My 19 year old son just had this done last Wednesday. He was diagnosed with WPW just last Sunday. The procedure lasted about 3 1/2 hours. He was not given general anesthesia, but was given sedatives. He wanted to watch the procedure, but ended up falling asleep during it. The inserted 4 catheters in the groin and one just below his shoulder. They didn't end up actually doing the ablation. They opted not to after doing various tests through the catheters. He said it was not painful, just a little uncomfortable. He slept for a few hours after the procedure and seemed okay after that. He did say he had soreness and bruising in his groin area, but he was able to walk/run the next morning.
I know this is a second hand account, but I hope it helps a little.
I had an ablation done at Mayo 4 years ago for afib. I was on the table for 7 hours. I slept through the entire procedure because of a sedative. Mayo pretty much puts you out, but some don't. I was pretty sore for two to three days in the groin area. Expect some irregular heart rythmns after the ablation. I did for about 2 to 3 weeks. But after that it worked wonderfully, and I have been AFIB free for 4 years. My energy level was lower (but not bad) for about one month after procedure probably because it was quite extensive. I started running again after my re-examination at Mayo 3 months after the procedure. I could have done so earlier, but I wanted to make sure that everything was OK first.

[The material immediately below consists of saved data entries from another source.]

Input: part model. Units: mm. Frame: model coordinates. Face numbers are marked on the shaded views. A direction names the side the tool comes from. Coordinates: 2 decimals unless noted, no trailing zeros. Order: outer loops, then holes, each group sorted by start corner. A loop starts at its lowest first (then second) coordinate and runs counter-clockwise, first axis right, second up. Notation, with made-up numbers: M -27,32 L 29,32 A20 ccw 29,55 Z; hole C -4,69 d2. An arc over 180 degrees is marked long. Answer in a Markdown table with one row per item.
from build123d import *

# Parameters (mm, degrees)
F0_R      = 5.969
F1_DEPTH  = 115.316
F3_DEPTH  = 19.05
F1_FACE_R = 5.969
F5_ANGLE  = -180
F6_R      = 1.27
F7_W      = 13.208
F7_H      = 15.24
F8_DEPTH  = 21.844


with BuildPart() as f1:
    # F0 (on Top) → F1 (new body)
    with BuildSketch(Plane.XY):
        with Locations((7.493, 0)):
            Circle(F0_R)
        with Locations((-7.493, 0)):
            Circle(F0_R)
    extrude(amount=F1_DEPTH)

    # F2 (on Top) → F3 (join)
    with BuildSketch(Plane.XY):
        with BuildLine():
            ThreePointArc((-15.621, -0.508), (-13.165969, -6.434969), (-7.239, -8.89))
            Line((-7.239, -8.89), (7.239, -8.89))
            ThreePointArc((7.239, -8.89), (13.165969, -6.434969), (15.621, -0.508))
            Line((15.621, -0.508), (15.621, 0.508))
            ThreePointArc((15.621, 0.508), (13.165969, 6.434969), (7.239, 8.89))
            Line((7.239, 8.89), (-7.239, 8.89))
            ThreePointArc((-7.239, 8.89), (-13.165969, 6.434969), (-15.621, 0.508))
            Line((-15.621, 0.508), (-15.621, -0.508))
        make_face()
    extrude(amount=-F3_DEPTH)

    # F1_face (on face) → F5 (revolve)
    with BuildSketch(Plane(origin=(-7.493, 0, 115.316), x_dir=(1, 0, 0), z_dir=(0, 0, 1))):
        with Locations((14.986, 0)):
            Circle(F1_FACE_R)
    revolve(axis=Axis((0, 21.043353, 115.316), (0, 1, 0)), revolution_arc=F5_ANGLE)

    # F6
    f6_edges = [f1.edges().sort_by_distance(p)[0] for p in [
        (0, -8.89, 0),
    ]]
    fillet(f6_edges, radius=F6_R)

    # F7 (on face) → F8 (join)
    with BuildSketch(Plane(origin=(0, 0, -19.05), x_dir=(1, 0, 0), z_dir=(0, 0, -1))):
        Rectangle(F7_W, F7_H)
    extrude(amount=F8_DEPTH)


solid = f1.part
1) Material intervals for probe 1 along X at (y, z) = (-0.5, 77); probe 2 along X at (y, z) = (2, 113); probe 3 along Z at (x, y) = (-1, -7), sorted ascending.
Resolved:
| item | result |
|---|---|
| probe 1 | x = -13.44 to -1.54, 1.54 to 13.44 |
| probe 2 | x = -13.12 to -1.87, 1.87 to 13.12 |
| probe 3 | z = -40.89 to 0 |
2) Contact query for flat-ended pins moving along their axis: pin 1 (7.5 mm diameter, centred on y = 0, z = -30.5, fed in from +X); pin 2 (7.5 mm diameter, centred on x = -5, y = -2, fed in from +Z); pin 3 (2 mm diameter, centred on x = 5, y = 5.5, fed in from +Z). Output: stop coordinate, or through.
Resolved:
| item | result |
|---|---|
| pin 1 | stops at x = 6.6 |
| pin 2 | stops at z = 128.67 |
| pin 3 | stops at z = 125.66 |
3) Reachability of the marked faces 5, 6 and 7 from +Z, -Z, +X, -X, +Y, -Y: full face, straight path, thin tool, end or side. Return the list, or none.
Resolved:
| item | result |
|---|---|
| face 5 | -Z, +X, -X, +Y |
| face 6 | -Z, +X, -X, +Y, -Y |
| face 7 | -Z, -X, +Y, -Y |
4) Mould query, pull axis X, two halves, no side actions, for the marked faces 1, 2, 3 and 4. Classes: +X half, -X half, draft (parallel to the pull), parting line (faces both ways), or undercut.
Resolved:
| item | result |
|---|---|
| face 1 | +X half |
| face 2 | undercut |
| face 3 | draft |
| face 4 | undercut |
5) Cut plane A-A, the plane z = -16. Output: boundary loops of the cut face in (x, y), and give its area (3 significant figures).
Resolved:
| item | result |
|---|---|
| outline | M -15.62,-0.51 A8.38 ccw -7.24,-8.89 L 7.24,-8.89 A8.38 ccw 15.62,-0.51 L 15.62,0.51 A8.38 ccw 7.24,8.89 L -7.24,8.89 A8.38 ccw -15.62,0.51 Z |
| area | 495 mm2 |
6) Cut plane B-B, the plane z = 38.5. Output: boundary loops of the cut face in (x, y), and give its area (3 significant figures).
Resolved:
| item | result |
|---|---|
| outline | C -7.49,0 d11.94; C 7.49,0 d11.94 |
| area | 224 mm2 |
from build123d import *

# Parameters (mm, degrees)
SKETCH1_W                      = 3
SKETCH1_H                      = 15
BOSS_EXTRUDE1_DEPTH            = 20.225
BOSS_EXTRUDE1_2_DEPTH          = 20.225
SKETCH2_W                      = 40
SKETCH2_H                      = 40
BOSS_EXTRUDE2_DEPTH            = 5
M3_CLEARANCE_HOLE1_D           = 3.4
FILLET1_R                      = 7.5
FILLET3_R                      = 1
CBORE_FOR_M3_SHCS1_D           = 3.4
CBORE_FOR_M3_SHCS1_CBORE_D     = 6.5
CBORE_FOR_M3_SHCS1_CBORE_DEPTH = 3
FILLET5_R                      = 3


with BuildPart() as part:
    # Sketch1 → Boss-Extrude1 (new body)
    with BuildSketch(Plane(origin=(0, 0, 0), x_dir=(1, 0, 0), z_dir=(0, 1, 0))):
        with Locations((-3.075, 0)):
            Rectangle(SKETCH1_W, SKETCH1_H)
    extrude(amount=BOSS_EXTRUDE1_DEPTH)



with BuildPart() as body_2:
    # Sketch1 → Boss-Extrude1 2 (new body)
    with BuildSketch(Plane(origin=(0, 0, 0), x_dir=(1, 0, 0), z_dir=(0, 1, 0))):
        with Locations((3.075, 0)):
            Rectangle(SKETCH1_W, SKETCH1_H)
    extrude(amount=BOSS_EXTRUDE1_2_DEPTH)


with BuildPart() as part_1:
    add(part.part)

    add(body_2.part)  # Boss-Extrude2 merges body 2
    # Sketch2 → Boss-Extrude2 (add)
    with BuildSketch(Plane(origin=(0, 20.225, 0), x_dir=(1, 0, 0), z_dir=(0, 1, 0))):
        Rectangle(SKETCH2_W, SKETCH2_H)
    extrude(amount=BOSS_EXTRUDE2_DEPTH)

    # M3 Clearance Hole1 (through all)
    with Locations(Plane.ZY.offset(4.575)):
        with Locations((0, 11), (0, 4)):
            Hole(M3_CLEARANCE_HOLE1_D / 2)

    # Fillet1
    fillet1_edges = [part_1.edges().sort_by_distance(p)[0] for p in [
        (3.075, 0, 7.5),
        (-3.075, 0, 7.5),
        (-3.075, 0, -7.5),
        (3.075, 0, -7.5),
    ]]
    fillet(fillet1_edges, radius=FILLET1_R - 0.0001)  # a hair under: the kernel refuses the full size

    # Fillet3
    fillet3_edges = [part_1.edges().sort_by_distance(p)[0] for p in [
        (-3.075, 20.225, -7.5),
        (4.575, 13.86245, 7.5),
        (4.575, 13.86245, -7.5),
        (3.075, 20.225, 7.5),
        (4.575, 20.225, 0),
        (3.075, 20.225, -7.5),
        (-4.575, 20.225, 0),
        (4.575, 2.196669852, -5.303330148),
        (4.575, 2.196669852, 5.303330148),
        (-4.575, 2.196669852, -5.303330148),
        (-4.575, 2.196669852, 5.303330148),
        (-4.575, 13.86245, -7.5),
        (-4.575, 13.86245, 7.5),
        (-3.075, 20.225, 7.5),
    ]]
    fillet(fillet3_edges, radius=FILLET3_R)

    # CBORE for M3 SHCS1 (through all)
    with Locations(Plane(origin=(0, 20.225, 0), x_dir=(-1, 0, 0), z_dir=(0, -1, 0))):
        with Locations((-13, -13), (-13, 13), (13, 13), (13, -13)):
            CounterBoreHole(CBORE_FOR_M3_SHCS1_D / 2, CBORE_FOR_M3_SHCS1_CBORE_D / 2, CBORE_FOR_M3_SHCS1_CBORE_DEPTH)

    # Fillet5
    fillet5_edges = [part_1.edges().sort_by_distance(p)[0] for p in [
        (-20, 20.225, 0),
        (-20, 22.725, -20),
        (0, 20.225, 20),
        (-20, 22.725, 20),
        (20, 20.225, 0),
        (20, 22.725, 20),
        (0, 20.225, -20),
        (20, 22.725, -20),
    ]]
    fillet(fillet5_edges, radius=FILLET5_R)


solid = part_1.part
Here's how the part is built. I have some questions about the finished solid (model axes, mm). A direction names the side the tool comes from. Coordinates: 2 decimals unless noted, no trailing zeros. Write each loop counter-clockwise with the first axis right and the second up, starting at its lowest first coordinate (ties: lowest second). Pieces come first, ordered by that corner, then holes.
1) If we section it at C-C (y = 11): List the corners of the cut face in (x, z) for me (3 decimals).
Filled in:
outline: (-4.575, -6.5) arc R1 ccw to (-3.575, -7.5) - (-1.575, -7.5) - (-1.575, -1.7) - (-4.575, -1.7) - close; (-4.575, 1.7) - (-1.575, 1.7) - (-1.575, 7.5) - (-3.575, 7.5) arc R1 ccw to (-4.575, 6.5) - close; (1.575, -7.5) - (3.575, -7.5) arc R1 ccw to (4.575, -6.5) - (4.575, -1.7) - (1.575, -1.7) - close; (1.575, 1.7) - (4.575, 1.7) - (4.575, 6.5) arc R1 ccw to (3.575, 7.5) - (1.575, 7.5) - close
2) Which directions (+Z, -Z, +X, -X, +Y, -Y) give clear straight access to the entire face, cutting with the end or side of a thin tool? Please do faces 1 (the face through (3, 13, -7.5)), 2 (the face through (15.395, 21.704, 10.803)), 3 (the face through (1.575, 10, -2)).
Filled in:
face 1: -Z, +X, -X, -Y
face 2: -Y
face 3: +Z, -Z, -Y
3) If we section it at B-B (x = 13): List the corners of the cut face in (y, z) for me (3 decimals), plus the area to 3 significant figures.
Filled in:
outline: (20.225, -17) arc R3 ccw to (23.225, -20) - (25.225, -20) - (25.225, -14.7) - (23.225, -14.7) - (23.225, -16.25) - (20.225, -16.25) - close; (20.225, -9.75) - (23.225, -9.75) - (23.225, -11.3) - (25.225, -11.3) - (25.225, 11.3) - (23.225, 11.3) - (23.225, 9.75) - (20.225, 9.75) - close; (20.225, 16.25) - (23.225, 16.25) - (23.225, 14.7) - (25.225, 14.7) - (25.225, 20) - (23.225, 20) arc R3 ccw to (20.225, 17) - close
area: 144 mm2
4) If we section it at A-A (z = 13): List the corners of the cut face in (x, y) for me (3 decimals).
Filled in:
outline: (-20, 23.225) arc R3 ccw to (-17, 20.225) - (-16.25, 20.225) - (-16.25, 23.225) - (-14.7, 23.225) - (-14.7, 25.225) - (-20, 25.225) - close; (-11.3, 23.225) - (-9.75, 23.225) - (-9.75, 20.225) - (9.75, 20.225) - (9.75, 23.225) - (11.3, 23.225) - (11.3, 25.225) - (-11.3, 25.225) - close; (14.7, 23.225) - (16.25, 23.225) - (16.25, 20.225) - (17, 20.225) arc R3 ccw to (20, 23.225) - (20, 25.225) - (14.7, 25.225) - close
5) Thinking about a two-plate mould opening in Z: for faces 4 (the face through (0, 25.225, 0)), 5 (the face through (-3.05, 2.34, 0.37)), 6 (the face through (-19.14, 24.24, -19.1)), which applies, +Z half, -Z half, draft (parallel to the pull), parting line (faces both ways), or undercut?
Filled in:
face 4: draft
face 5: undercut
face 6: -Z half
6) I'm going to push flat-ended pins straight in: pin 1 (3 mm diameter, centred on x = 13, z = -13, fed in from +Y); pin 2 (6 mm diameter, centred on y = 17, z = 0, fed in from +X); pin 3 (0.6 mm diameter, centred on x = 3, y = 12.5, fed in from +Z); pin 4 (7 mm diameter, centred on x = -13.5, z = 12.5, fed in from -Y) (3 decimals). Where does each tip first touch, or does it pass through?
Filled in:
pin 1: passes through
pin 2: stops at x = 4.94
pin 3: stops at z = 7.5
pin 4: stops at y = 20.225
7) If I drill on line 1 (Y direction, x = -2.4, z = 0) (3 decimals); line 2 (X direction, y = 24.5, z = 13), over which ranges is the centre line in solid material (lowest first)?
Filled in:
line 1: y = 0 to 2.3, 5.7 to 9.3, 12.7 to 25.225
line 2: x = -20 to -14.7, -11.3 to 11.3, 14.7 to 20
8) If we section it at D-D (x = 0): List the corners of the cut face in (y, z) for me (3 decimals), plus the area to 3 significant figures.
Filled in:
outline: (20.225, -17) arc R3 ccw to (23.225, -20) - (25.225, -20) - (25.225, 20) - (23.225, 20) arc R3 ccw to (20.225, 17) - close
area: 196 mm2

Everyone is different how they react to it. You will most likely hear about the horror stories, because bad news travels faster than good news.
The success of the ablation depends upon the condition ablated. The more complicated the ablation the more experience is needed. My brother had an ablation for atrial flutter this year. They tried to do it "on the cheap" the first time. It didn't work. They tried it again, and it didn't work. The third time they got it right, and it appears to have worked. The key is going to a very good center.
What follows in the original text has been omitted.